J'ai un MacBookPro et j'aurais souhaité utiliser un stylet sur mon trackpad, plutôt que mes doigts. J'ai déjà une tablette wacom en parallèle mais ça reste encombrant. Alors que là, un stylet et hop, on peut dessiner dans son canapé, son pieu,un bout de table...
Bref j'en rêve.
Est-ce possible ? Apple ou des éditeurs de softs se sont-ils penchés sur la question ?
Et si oui qui et comment ?

Merci de vos éclairages !


----------



## discolan (7 Octobre 2008)

Pour faire défiler une page internet, il faut utiliser 2 doigts. Tu vas utiliser des baguettes dans ce cas ? 
Si c'est pour dessiner, autant garder ta tablette.


----------



## .Steff (14 Octobre 2008)

billboquet a dit:


> Bjr chez vous !
> 
> J'ai un MacBookPro et j'aurais souhaité utiliser un stylet sur mon trackpad, plutôt que mes doigts. J'ai déjà une tablette wacom en parallèle mais ça reste encombrant. Alors que là, un stylet et hop, on peut dessiner dans son canapé, son pieu,un bout de table...
> Bref j'en rêve.
> ...


Alors ça fonctionne ?
Moi ça m'intéresse de savoir. Et j'ai pas de stylet ! Ben ouais j'ai un iphone ^^


----------



## Prince Samus (3 Mars 2010)

Bon voilà je up le topic parce que ça m'intéresse. Effectivement ça pourrait être pas mal genre pour annoter des fichiers pdf ou tout simplement dessiner... Et c'est beaucoup moins encombrant qu'un tablette à trimbaler. 
Bien évidemment je n'attends pas le même rendu.

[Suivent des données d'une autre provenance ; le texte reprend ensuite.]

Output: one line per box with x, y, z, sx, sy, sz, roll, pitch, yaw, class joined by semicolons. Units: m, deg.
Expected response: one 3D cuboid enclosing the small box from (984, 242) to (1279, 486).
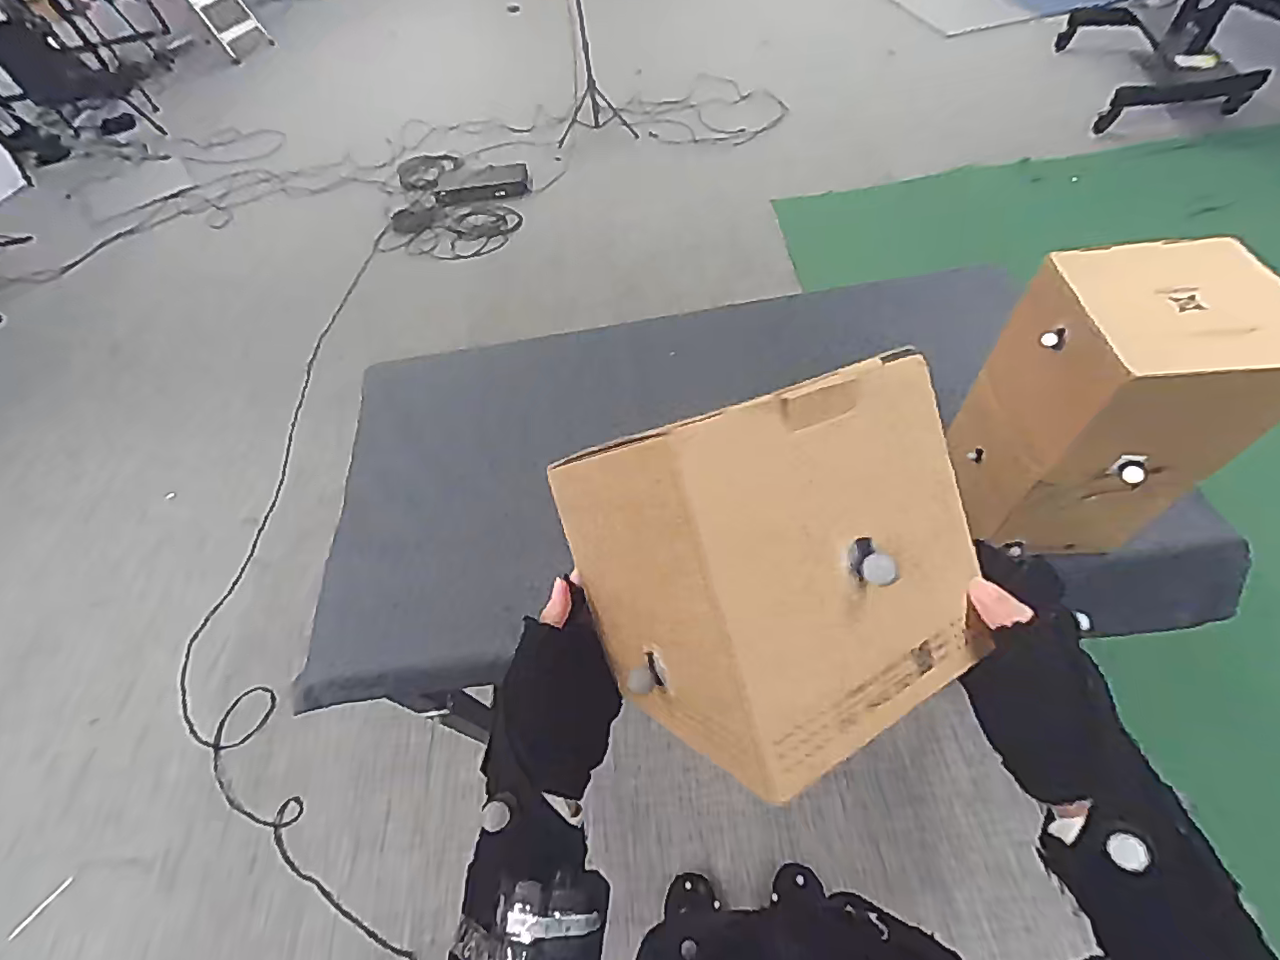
0.489;-0.112;0.553;0.168;0.176;0.179;-3;57;7;small box

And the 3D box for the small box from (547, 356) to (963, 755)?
0.065;0.039;0.342;0.168;0.179;0.176;-18;94;-28;small box

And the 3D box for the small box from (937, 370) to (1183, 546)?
0.509;-0.025;0.688;0.168;0.176;0.179;-2;55;6;small box

Et petite question comme ça, le trackpad fonction comme l'écran iphone, avec la chaleur?

Merci d'avance!


----------



## r e m y (3 Mars 2010)

J'avais vu il y a quelque temps des stylets pour iPhone ou iPOD Touch (simulant le contact des doigts)... je vais faire une recherche

http://www.igen.fr/accessoires/pogo-stylus-un-stylet-pour-iphone-et-ipod-touch-7193


----------



## Membre supprimé 2 (3 Mars 2010)

Bonjour,

Le sujet avait été abordé dans Macgé il y a quelques temps ICI (article en bas de page).


----------



## r e m y (3 Mars 2010)

Cratès a dit:


> Bonjour,
> 
> Le sujet avait été abordé dans Macgé il y a quelques temps ICI (article en bas de page).

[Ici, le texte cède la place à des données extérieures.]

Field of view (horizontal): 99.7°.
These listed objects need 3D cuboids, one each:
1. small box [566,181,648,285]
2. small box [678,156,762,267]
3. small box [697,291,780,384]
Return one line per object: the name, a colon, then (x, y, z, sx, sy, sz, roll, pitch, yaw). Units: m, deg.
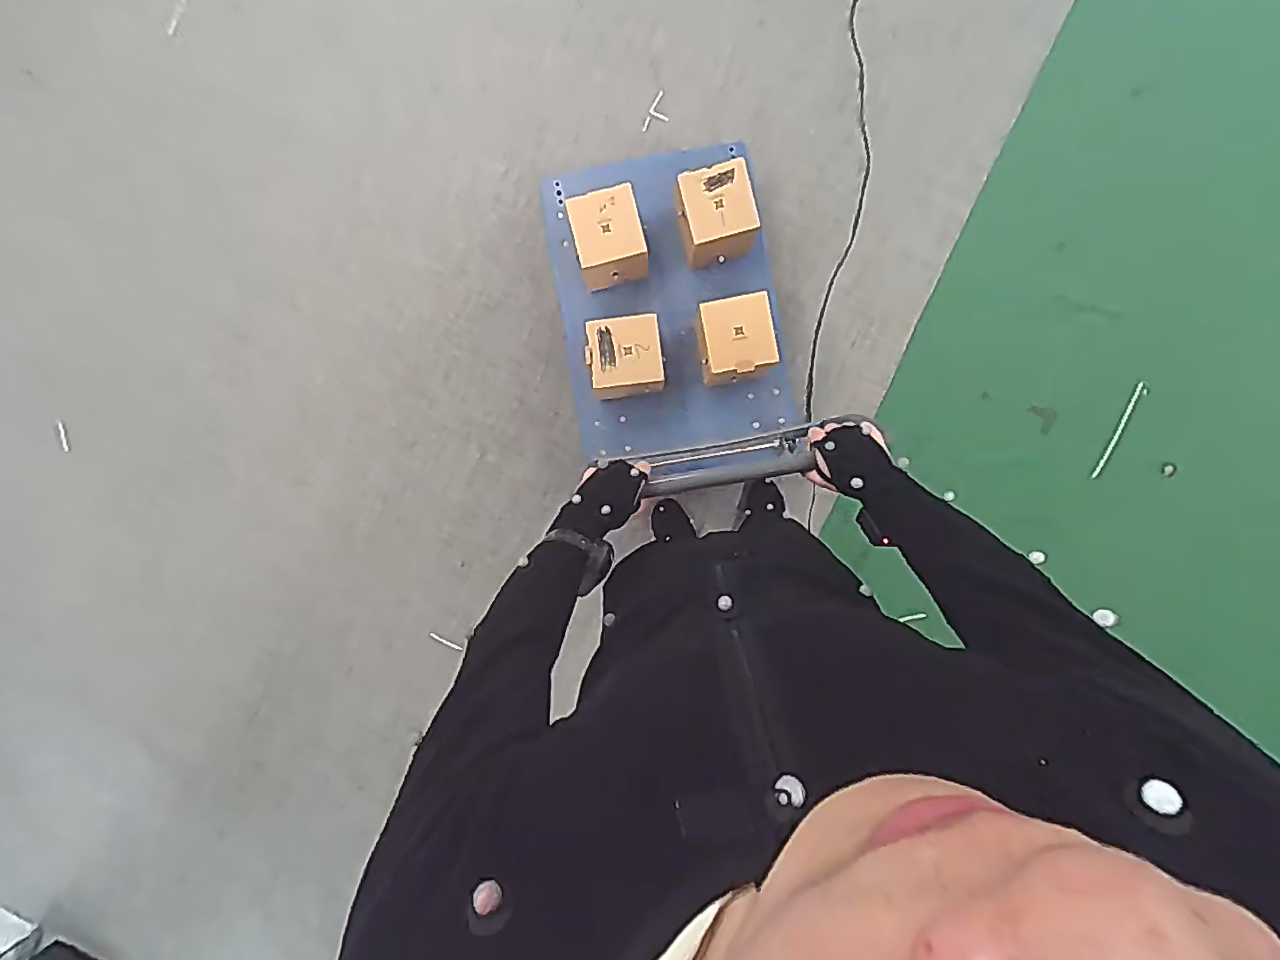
small box: (-0.077, -0.612, 1.370, 0.168, 0.176, 0.179, -14, 90, 1)
small box: (0.193, -0.667, 1.361, 0.168, 0.176, 0.179, -14, 91, 3)
small box: (0.241, -0.352, 1.363, 0.168, 0.176, 0.179, -10, 91, 2)

Voilà... c'est exactement ce que je recherchais (mais tu as été plus rapide que moi, car je n'avais réussi à retrouver qu'un article plus ancien, mais présentant déjà les stylets Pogo)


----------



## Prince Samus (3 Mars 2010)

Ah merci super je vais me renseigner si ça fonctionne bien ou pas et si ça fonctionne avec les anciens macbook pro et 10.5 apparemment non...

Merci!!


----------